Reviewed by Calculator Editorial Team

This auto car loan calculator helps you determine your monthly payments when financing a new car and including the value of your trade-in. By entering your loan amount, interest rate, loan term, and trade-in value, you'll get an accurate estimate of your monthly payments and total interest paid.

How to Use This Calculator

Using this auto loan calculator with trade-in is simple:

  1. Enter the purchase price of the new car in the "New Car Price" field.
  2. Input your trade-in value in the "Trade-In Value" field.
  3. Specify the down payment amount in the "Down Payment" field.
  4. Enter the loan interest rate in the "Interest Rate" field.
  5. Select the loan term from the dropdown menu.
  6. Click the "Calculate" button to see your results.

The calculator will display your monthly payment, total interest paid, and total amount paid over the life of the loan. You can also view a breakdown of your loan payments in the chart below the results.

Formula Used

The auto loan calculator uses the standard loan payment formula:

Monthly Payment = P × (r(1 + r)^n) / ((1 + r)^n - 1)

Where:

  • P = Principal loan amount (New Car Price - Trade-In Value - Down Payment)
  • r = Monthly interest rate (Annual Interest Rate / 12 / 100)
  • n = Number of payments (Loan Term in years × 12)

Total interest is calculated by multiplying the monthly payment by the number of payments and subtracting the principal loan amount.

Worked Example

Let's say you want to buy a new car priced at $35,000 with a trade-in value of $8,000. You put down $3,000 and take out a loan for the remaining $24,000 at an interest rate of 4.5% for 5 years.

Example Calculation

Principal: $35,000 (car price) - $8,000 (trade-in) - $3,000 (down payment) = $24,000

Monthly Interest Rate: 4.5% / 12 = 0.375% or 0.00375

Number of Payments: 5 years × 12 = 60 months

Monthly Payment: $24,000 × (0.00375(1 + 0.00375)^60) / ((1 + 0.00375)^60 - 1) ≈ $452.36

Total Interest: ($452.36 × 60) - $24,000 ≈ $1,040.32

Total Amount Paid: $24,000 + $1,040.32 ≈ $25,040.32

Using our calculator with these numbers would give you the same results. This example shows how including your trade-in value can significantly reduce your loan amount and monthly payments.

Interpreting Results

The calculator provides several key metrics to help you understand your auto loan:

  • Monthly Payment: The amount you'll pay each month toward your loan.
  • Total Interest: The total amount of interest you'll pay over the life of the loan.
  • Total Amount Paid: The sum of your principal loan amount and total interest paid.

Comparing these numbers with different loan terms and interest rates can help you make an informed decision about your auto financing. Remember that the trade-in value can significantly impact your loan amount and monthly payments, so it's important to get an accurate appraisal of your vehicle.

Loan Comparison Example
Loan Term Interest Rate Monthly Payment Total Interest
36 months 4.5% $520.12 $1,724.36
48 months 4.5% $452.36 $1,040.32
60 months 4.5% $398.75 $682.50

This comparison table shows how different loan terms affect your monthly payments and total interest. Shorter loan terms typically result in higher monthly payments but less total interest paid.

Frequently Asked Questions

How does the trade-in value affect my loan amount?

The trade-in value is subtracted from the new car price to determine your loan amount. A higher trade-in value means you'll need to finance less, resulting in lower monthly payments.

What factors affect my monthly car loan payment?

Your monthly payment is determined by the loan amount, interest rate, and loan term.

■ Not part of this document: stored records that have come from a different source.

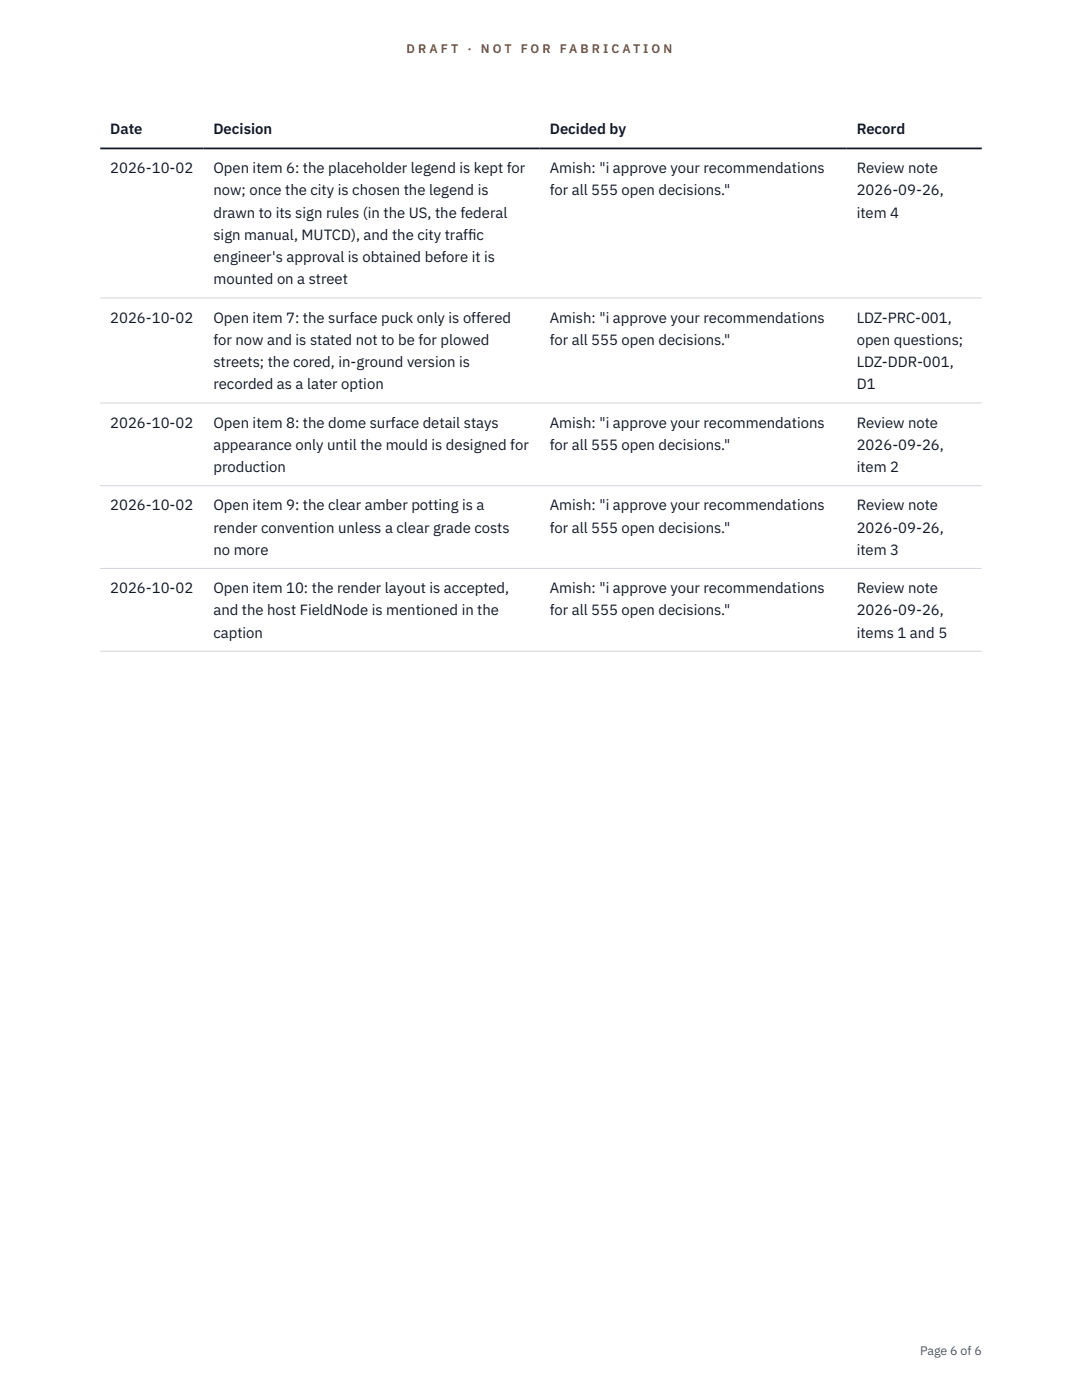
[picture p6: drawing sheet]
<svg xmlns="http://www.w3.org/2000/svg" width="216mm" height="279mm" viewBox="0 0 216 279" stroke-linecap="round" stroke-linejoin="round" font-family="sans-serif">
<defs><g id="words">
<g font-size="3" fill="#111827">
<text x="22" y="26.8">Date</text>
<text x="42.6" y="26.8">Decision</text>
<text x="109.7" y="26.8">Decided by</text>
<text x="170.9" y="26.8">Record</text>
<text x="22" y="34.5">2026-10-02</text>
<text x="42.6" y="34.5">Open item 6: the placeholder legend is kept for</text>
<text x="109.7" y="34.5">Amish: &quot;i approve your recommendations</text>
<text x="170.9" y="34.5">Review note</text>
<text x="42.6" y="39">now; once the city is chosen the legend is</text>
<text x="109.7" y="39">for all 555 open decisions.&quot;</text>
<text x="170.9" y="39">2026-09-26,</text>
<text x="42.6" y="43.4">drawn to its sign rules (in the US, the federal</text>
<text x="42.6" y="47.9">sign manual, MUTCD), and the city traff</text>
<text x="93.4" y="47.9">ic</text>
<text x="170.9" y="43.4">item 4</text>
<text x="42.6" y="52.3">engineer's approval is obtained before it is</text>
<text x="42.6" y="56.8">mounted on a street</text>
<text x="22" y="64.4">2026-10-02</text>
<text x="42.6" y="64.4">Open item 7: the surface puck only is offered</text>
<text x="109.7" y="64.4">Amish: &quot;i approve your recommendations</text>
<text x="170.9" y="64.4">LDZ-PRC-001,</text>
<text x="42.6" y="68.8">for now and is stated not to be for plowed</text>
<text x="109.7" y="68.8">for all 555 open decisions.&quot;</text>
<text x="170.9" y="68.8">open questions;</text>
<text x="42.6" y="73.3">streets; the cored, in-ground version is</text>
<text x="42.6" y="77.7">recorded as a later option</text>
<text x="170.9" y="73.3">LDZ-DDR-001,</text>
<text x="170.9" y="77.7">D1</text>
<text x="22" y="85.3">2026-10-02</text>
<text x="42.6" y="85.3">Open item 8: the dome surface detail stays</text>
<text x="42.6" y="89.8">appearance only until the mould is designed for</text>
<text x="109.7" y="85.3">Amish: &quot;i approve your recommendations</text>
<text x="109.7" y="89.8">for all 555 open decisions.&quot;</text>
<text x="170.9" y="85.3">Review note</text>
<text x="170.9" y="89.8">2026-09-26,</text>
<text x="42.6" y="94.2">production</text>
<text x="170.9" y="94.2">item 2</text>
<text x="22" y="101.9">2026-10-02</text>
<text x="42.6" y="101.9">Open item 9: the clear amber potting is a</text>
<text x="109.7" y="101.9">Amish: &quot;i approve your recommendations</text>
<text x="170.9" y="101.9">Review note</text>
<text x="42.6" y="106.3">render convention unless a clear grade costs</text>
<text x="109.7" y="106.3">for all 555 open decisions.&quot;</text>
<text x="170.9" y="106.3">2026-09-26,</text>
<text x="42.6" y="110.7">no more</text>
<text x="170.9" y="110.7">item 3</text>
<text x="22" y="118.4">2026-10-02</text>
<text x="42.6" y="118.4">Open item 10: the render layout is accepted,</text>
<text x="109.7" y="118.4">Amish: &quot;i approve your recommendations</text>
<text x="170.9" y="118.4">Review note</text>
<text x="42.6" y="122.8">and the host FieldNode is mentioned in the</text>
<text x="109.7" y="122.8">for all 555 open decisions.&quot;</text>
<text x="170.9" y="122.8">2026-09-26,</text>
<text x="42.6" y="127.3">caption</text>
<text x="170.9" y="127.3">items 1 and 5</text>
</g>
<g font-size="2.5" fill="#b45309">
<text x="81.1" y="10.5">D R A F T</text>
<text x="93.3" y="10.5">·</text>
<text x="95.9" y="10.5">N O T</text>
<text x="103.9" y="10.5">F O R</text>
<text x="111.7" y="10.5">F A B R I C A T I O N</text>
</g>
<text font-size="2.5" fill="#4b5563" x="183.6" y="270.3">Page 6 of 6</text>
</g></defs>
<path d="M20 59.5h175.9M20 80.4h175.9M20 96.9h175.9M20 113.4h175.9M20 130h175.9" fill="none" stroke="#d1d5db" stroke-width=".2"/>
<path d="M20 29.6h175.9" fill="none" stroke="#111827" stroke-width=".35"/>
<use href="#words"/>
</svg>

Higher loan amounts, interest rates, or longer terms will result in higher monthly payments.

How can I lower my car loan payments?

You can lower your payments by making a larger down payment, getting a lower interest rate, or choosing a shorter loan term. Including a trade-in value can also reduce your loan amount.

Is it better to have a shorter or longer loan term?

A shorter loan term typically results in higher monthly payments but less total interest paid. A longer term may have lower monthly payments but more total interest paid. Choose based on your financial situation.